Dei um passo deliberado para trás. "Eu já fiz minha escolha."
O sorriso de Amanda vacilou. Ela colocou a mão no peito, seus olhos se enchendo de lágrimas de crocodilo. "Ah. Eu... me desculpe. Eu só estava tentando ajudar. Eu vou... eu vou embora."
Antes que ela pudesse dar um único passo, o braço de Kadu disparou, sua mão se fechando em torno do pulso dela. "Não seja ridícula, Amanda. Você não vai a lugar nenhum."
Ele se virou para mim, seus olhos duros. "Qual é o seu problema, Bia? Ela só estava fazendo uma sugestão."
Então, como se desferisse o golpe final e mortal, ele acrescentou: "Além disso, é melhor você se acostumar a tê-la por perto. Esqueci de te dizer. Pedi para ela ser uma das madrinhas."
A sala girou. Uma madrinha. No meu casamento. A mulher que havia desmantelado sistematicamente minha felicidade, meu futuro, iria ficar ao meu lado enquanto eu prometia minha vida ao homem que ela havia roubado. Ele não me perguntou. Ele apenas decidiu. Como sempre.
"Uma madrinha", repeti, as palavras com gosto de cinzas.
"É uma ótima ideia", eu disse, minha voz assustadoramente calma.
Kadu e Amanda me encararam, chocados com minha concordância fácil.
Amanda, sempre a atriz, interpretou seu papel. "Ah, Kadu, talvez seja demais. Não quero me intrometer..." Ela se inclinou para ele, sua mão esvoaçando em seu peito.
O braço de Kadu se apertou em torno dela possessivamente. Ele beijou sua testa, um gesto tão íntimo e público que me deixou fisicamente enjoada.
"Não seja boba", ele murmurou para ela, depois me fuzilou com o olhar. "Viu, Bia? Foi tão difícil assim? Você tem estado tão mal-humorada e difícil ultimamente. É exaustivo."
Amanda acariciou seu braço. "Shh, querido. Não fique chateado. Ela só está com o nervosismo pré-casamento."
"É mais do que nervosismo", Kadu retrucou, sua paciência finalmente se esgotando. "Estou farto disso. Estou farto de pisar em ovos em torno dos seus sentimentos delicados." Ele gesticulou descontroladamente, seu rosto contorcido em um escárnio. "Você nunca vai superar isso? Eu entendi, você me salvou. Você não precisa continuar bancando a mártir!"
Silêncio. Um silêncio espesso e sufocante caiu sobre a confeitaria ridiculamente alegre.
O mundo ficou branco nas bordas. Meu sacrifício. Minha dor. A alteração permanente dos meus sentidos. Para ele, era apenas uma carta que eu estava jogando. Um papel. A mártir.
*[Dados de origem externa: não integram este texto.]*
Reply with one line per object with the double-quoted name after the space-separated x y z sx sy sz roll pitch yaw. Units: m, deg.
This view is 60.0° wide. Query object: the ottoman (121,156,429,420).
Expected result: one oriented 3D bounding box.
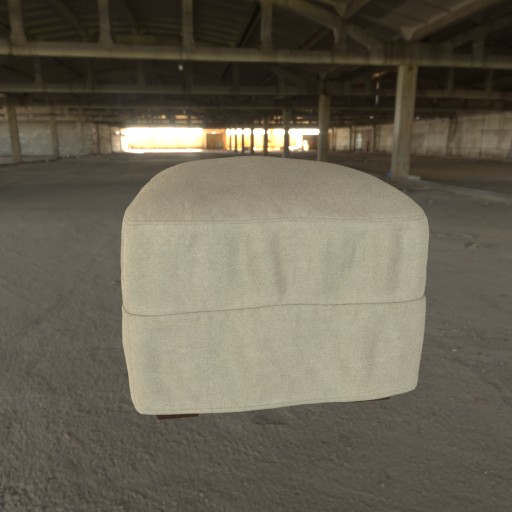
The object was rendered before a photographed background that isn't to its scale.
0.000 0.000 1.095 0.584 0.480 0.712 -2 15 -8 "ottoman"

Lembrei-me das inúmeras vezes em que ele desconsiderou minha dor. O dia em que priorizou buscar o cachorro de Amanda no pet shop em vez de me levar a uma consulta urgente de neuro-oftalmologia quando acordei com um ponto cego aterrorizante. Tive que pegar um táxi, sozinha e apavorada. Ele esqueceu nosso aniversário de cinco anos, o verdadeiro, o aniversário do acidente, mas deu a Amanda uma festa surpresa luxuosa pelo seu meio-aniversário.
Eu estava tão, tão cansada. Um cansaço tão profundo que se instalou nos meus ossos, me pesando. Eu estava lutando por um amor que já estava morto, tentando ressuscitar um cadáver.
Era hora de deixar ir.
Virei-me sem uma palavra e saí da loja, deixando-os ali, entrelaçados em seu pequeno mundo tóxico.
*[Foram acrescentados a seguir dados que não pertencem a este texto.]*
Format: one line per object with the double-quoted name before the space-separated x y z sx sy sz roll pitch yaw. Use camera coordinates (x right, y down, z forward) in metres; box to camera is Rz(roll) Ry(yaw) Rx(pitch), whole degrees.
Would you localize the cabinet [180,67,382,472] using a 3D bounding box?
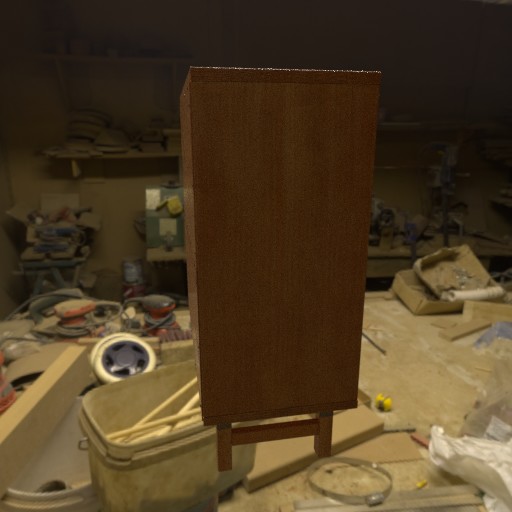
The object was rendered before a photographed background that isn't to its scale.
"cabinet" 0.000 0.000 1.405 0.419 1.001 0.800 -3 16 -10

Kadu ficou lá, perplexo, me vendo ir. Então, ele se virou para o dono da loja, forçando uma risada. "Mulheres, né? Nervos pré-casamento."
Ele manteve o braço em volta de Amanda, puxando-a para mais perto, seus lábios roçando o cabelo dela. Eu vi tudo refletido na vitrine da loja enquanto me afastava.
Meu celular vibrou na minha mão. Uma mensagem longa e confusa de Kadu apareceu.
Bia, volta. Você está sendo ridícula. Desculpe se fui duro, mas você tem que entender a pressão que estou sofrendo. Estou tentando administrar duas mulheres muito importantes na minha vida. Você precisa ser a calma, a que apoia. Você vai ser minha esposa, pelo amor de Deus. Comece a agir como tal.
Parei de andar. Li a mensagem novamente, as palavras uma cristalização perfeita de sua visão de mundo egoísta e narcisista.
Estou tentando administrar duas mulheres muito importantes.
Um sorriso lento e frio se espalhou pelo meu rosto.
Vou aliviar seu fardo, Kadu, pensei. Vou remover uma das mulheres da equação.
Apaguei a mensagem e continuei andando, uma estranha sensação de leveza enchendo meu peito. Pela primeira vez em cinco anos, eu estava me afastando dele. E eu sabia, com certeza absoluta, que nunca mais voltaria.